I admit I thought it a crude and temporary solution when in 2013 we (SBC and MCR) put our methods eml into metabase using the xml data type. But perhaps that is actually a practical solution. It does work fine for me; I use it to this day.
I will suggest that since some prefer markdown, some prefer eml text type (which is xml), and some may just want to store the file or a link to the file, that we offer these choices. The view would pass thru the xml or the markdown if one of those is populated. Otherwise it might pass thru a url to a file or a "TODO" note to the user to substitute in some R-processed file at a later step. These options could be a set of columns only one of which would not be null. Or we could use the blob data type for all options in a single column. The view would then distinguish how to handle content by some inspection. (Which I do not yet know how to do.)

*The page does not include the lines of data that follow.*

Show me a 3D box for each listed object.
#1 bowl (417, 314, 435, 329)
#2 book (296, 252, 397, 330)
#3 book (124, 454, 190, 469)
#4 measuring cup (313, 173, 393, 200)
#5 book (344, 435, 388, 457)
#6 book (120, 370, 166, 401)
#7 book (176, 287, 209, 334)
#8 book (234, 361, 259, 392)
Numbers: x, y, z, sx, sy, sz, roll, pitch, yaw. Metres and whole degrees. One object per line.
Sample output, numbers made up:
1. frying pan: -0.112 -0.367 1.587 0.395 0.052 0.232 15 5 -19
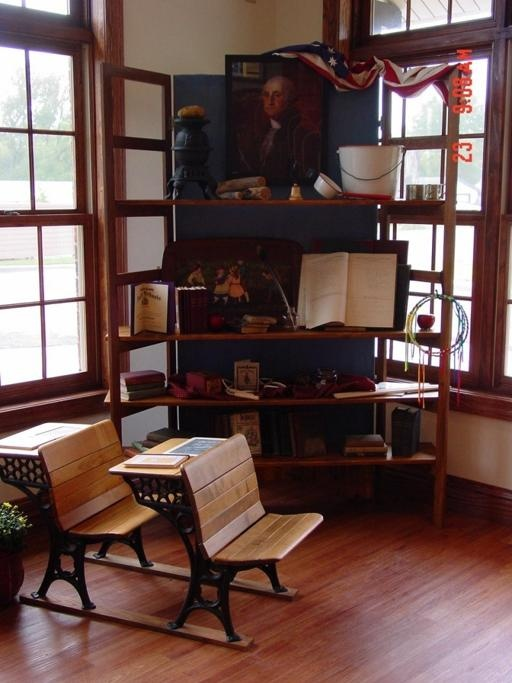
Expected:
1. bowl: 0.902 -0.110 3.156 0.080 0.073 0.079 2 3 0
2. book: 0.505 -0.279 3.025 0.568 0.387 0.118 2 -5 7
3. book: -0.369 0.438 2.172 0.223 0.023 0.150 1 3 3
4. measuring cup: 0.476 -0.762 2.965 0.456 0.138 0.149 8 11 23
5. book: 0.607 0.580 3.316 0.143 0.065 0.144 0 3 4
6. book: -0.592 0.227 3.088 0.144 0.088 0.193 6 9 39
7. book: -0.308 -0.164 2.962 0.080 0.221 0.171 -3 6 -41
8. book: -0.054 0.196 3.291 0.174 0.193 0.033 -1 5 -7

I do not want to force Metabase users to give up some way of doing things that works well for them.
from lter-core-metabase.
I meant the Postgres Text type, which is of unlimited length. I don't see why Blob would be necessary. I could just have a single column for the method description, and then let the EML-generating-code figure out what to do with the text. Example logic (not bulletproof; just quick and dirty examples):
- If the text starts with
<?xml
, and you can load it in an XML object without errors, then assume it's XML. - If the text starts with
#
, assume it's markdown. - If the text looks like a URL, assume it's a link to a file.
- Otherwise, treat it as plain text.
This is overloading the Method Description column, so maybe this is bad practice. If that irks people, then I guess @gastil 's suggestion of having separate columns for each of those things would be fine. In that case, I'd rather have all four columns get into the view, and then let the client code figure out what to do with it. Definitely gonna need some user documentation for this.
from lter-core-metabase.
I like this idea. Some comments:
- Can xml pass thru from pg output into a client script w/o breaking, or getting double-encoded, or some such problem? If it is read in as text, not xml data type, the systems may not handle it properly. How to test this?

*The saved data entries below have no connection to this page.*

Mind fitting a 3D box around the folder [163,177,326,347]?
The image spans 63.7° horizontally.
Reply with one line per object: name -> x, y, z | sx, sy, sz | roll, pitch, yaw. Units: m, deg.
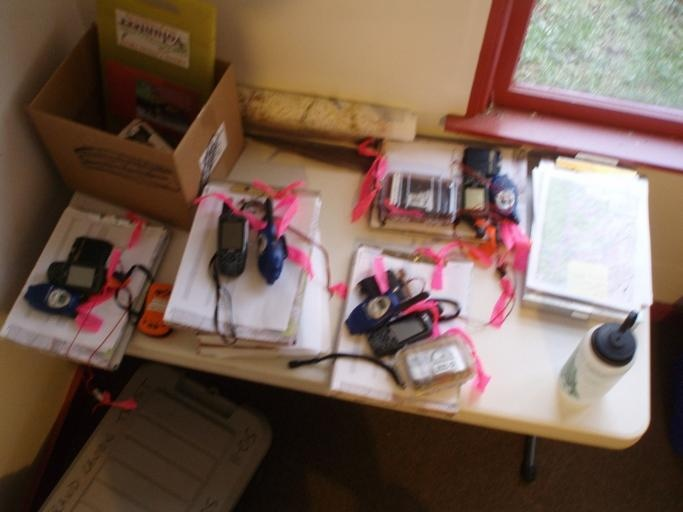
folder -> -0.217, 0.000, 1.287 | 0.297, 0.195, 0.359 | 10, 46, 3

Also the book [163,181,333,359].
book -> -0.215, 0.042, 1.272 | 0.333, 0.104, 0.359 | -1, 78, -2

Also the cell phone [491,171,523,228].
cell phone -> 0.420, -0.142, 1.406 | 0.068, 0.035, 0.124 | -12, 78, 10

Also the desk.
desk -> 0.381, 0.174, 1.854 | 1.200, 0.608, 0.648 | 11, 86, 1

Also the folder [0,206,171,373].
folder -> -0.604, 0.080, 1.366 | 0.350, 0.089, 0.388 | 20, 70, 6

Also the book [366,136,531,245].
book -> 0.291, -0.183, 1.443 | 0.347, 0.107, 0.262 | 6, 77, 2

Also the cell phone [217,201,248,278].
cell phone -> -0.256, -0.065, 1.286 | 0.069, 0.156, 0.052 | 0, 59, -14

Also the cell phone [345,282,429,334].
cell phone -> 0.114, 0.124, 1.325 | 0.205, 0.068, 0.066 | -21, 70, 0

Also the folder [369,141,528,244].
folder -> 0.291, -0.185, 1.444 | 0.344, 0.107, 0.261 | 5, 81, 3

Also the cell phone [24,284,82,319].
cell phone -> -0.680, 0.105, 1.309 | 0.127, 0.033, 0.079 | 15, 58, -11

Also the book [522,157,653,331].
book -> 0.626, -0.040, 1.384 | 0.312, 0.101, 0.397 | 11, 75, 7

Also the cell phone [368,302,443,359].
cell phone -> 0.147, 0.180, 1.281 | 0.169, 0.036, 0.084 | -29, 65, -8

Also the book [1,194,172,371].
book -> -0.606, 0.065, 1.384 | 0.327, 0.095, 0.413 | 23, 69, 6
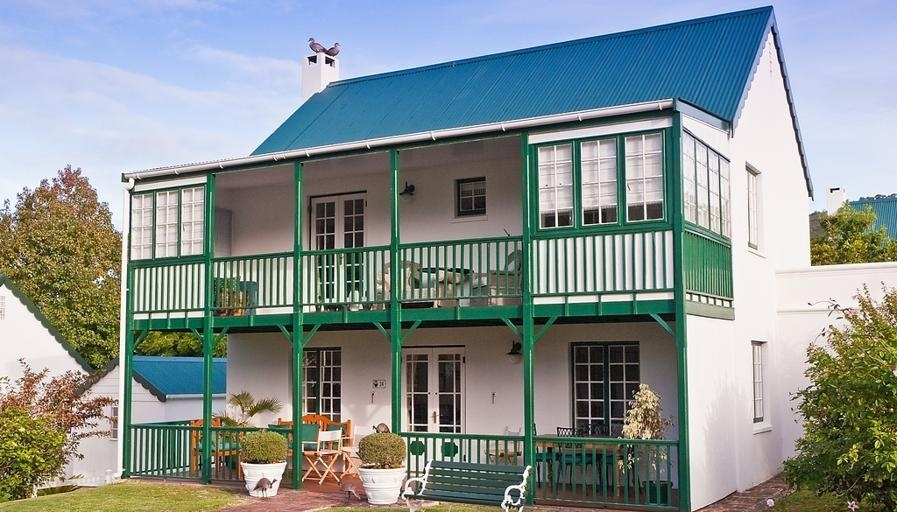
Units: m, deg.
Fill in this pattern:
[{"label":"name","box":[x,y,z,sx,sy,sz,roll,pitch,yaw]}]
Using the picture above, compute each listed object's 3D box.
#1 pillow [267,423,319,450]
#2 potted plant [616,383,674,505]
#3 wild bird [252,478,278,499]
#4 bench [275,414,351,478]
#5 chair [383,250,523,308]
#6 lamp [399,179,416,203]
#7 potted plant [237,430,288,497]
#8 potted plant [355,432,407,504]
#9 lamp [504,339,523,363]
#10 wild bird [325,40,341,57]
[{"label":"pillow","box":[-4.878,5.717,29.577,0.953,0.784,0.370,-3,-12,14]},{"label":"potted plant","box":[6.009,5.578,27.977,1.471,3.377,2.980,0,6,14]},{"label":"wild bird","box":[-5.528,7.030,28.424,0.714,0.578,0.386,-5,-8,15]},{"label":"bench","box":[-4.300,6.254,30.199,2.199,2.123,1.912,-3,-7,7]},{"label":"chair","box":[0.172,0.768,29.094,4.274,1.881,2.147,-2,6,5]},{"label":"lamp","box":[-1.361,-2.243,32.051,0.518,0.627,0.198,1,7,27]},{"label":"potted plant","box":[-5.816,6.454,29.276,1.614,2.078,1.710,1,-12,-4]},{"label":"potted plant","box":[-1.984,6.487,28.440,1.815,2.441,1.746,0,-14,-3]},{"label":"lamp","box":[2.249,3.071,30.607,0.554,0.767,0.597,0,-10,9]},{"label":"wild bird","box":[-4.419,-7.857,35.828,0.654,0.540,0.367,-3,4,-30]}]

- So far, sets of views have been written with their use in mind, a separate set of views for different R or perl code. Overloading methods, or multiple options to use for methods, is going to need the using-code to be aware of that. I'm ok with that; just noting it.
- Currently I put an xml forest of
<methodStep>
trees in my xml data type column (and my column name is method_xml). If we overload several data types into a postgres text data type, I'd use<methodStep>
rather than<?xml>
as the test. - We have heard from at least one metabase user that they do not like too many columns. Yet I am inclined to use a separate column for each data type option for methods. Maybe I want to migrate from one data type to the next, from URL to Word to markdown, for example. And I do like to catch errors that would not be caught if, for example, I entered an xml tree missing its closing tag. Early catch.

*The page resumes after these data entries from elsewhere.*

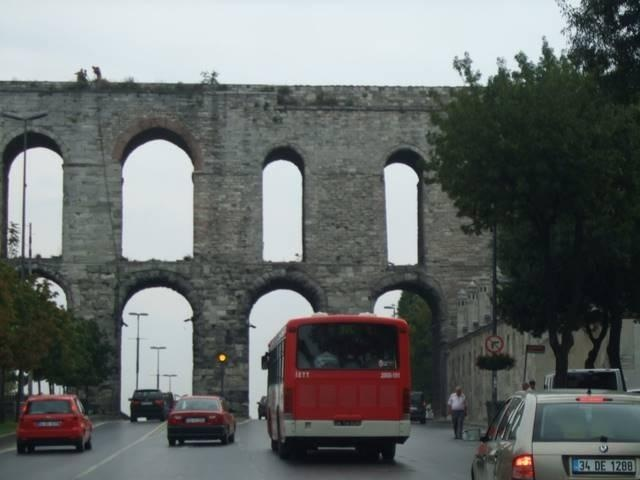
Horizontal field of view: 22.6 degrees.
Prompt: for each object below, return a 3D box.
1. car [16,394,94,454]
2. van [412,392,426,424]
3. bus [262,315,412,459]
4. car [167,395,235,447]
[{"bbox_3d":[-9.438,6.623,57.206,2.300,2.257,4.546,-1,-9,-4],"label":"car"},{"bbox_3d":[4.916,8.118,79.273,0.718,1.528,1.850,-1,-6,3],"label":"van"},{"bbox_3d":[0.628,5.296,55.673,4.573,5.125,10.405,2,-8,-7],"label":"bus"},{"bbox_3d":[-4.375,6.476,58.725,2.682,2.733,7.422,0,-5,-4],"label":"car"}]
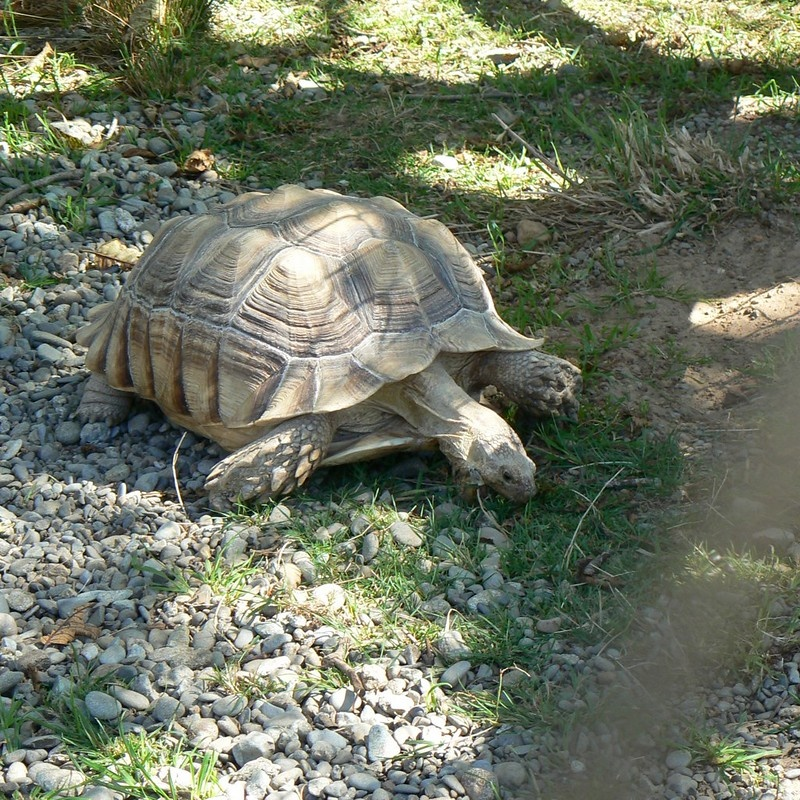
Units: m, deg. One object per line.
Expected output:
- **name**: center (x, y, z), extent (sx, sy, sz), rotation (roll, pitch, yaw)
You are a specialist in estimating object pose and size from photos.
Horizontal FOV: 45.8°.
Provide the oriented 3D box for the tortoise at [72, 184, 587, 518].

- I could go either way. Plain text to hold various data types, or one column for each data type.
- If we go with plain text, we will not be able to store an actual Word doc, as we could with blob. (Dumps of blobs can pose problems we may want to avoid, so unless that is really needed perhaps we should avoid blobs.)
from lter-core-metabase.
I'm all for avoiding blobs.
In my test with R just now, XML came out of Postgres just fine.
I would be fine with Sarah's suggestion.
from lter-core-metabase.
I like Sarah's idea. I do not object to adding another controlled-vocab table. An alternative is to do this with a CHECK constraint, not as easy to maintain as rows in a cv. (I prefer a cv table. But I am trying to speak for those who have asked for fewer tables.)
Currently, Protocols are stored separate from Methods. Whereas Methods do tend to be unique to a given dataset, usually, Protocols tend to be re-used. Content originally in the Instrument table and the Software table got smushed into denormalized columns tacked onto DataSetMethods. I'm postponing discussion of that.
[I am going to postpone discussion of the n-n datasets-protocols. We may opt to merge protocols into methods, or to have an xref table for them. I want to wait til Monday to ask Margaret. SBC used to have 133 uniq protocols. Now they have 2. So practice may have changed. I've smushed my protocols into my methods, but with tech regret since I lost the on-update-cascade.]
from lter-core-metabase.
Gastil and I zoomed today re:methods section. TLDR: we'll follow Sarah's suggestion. Will update later.
from lter-core-metabase.
(pasting the introductory comment at the top of the new design here rather than just burying it in the .sql file)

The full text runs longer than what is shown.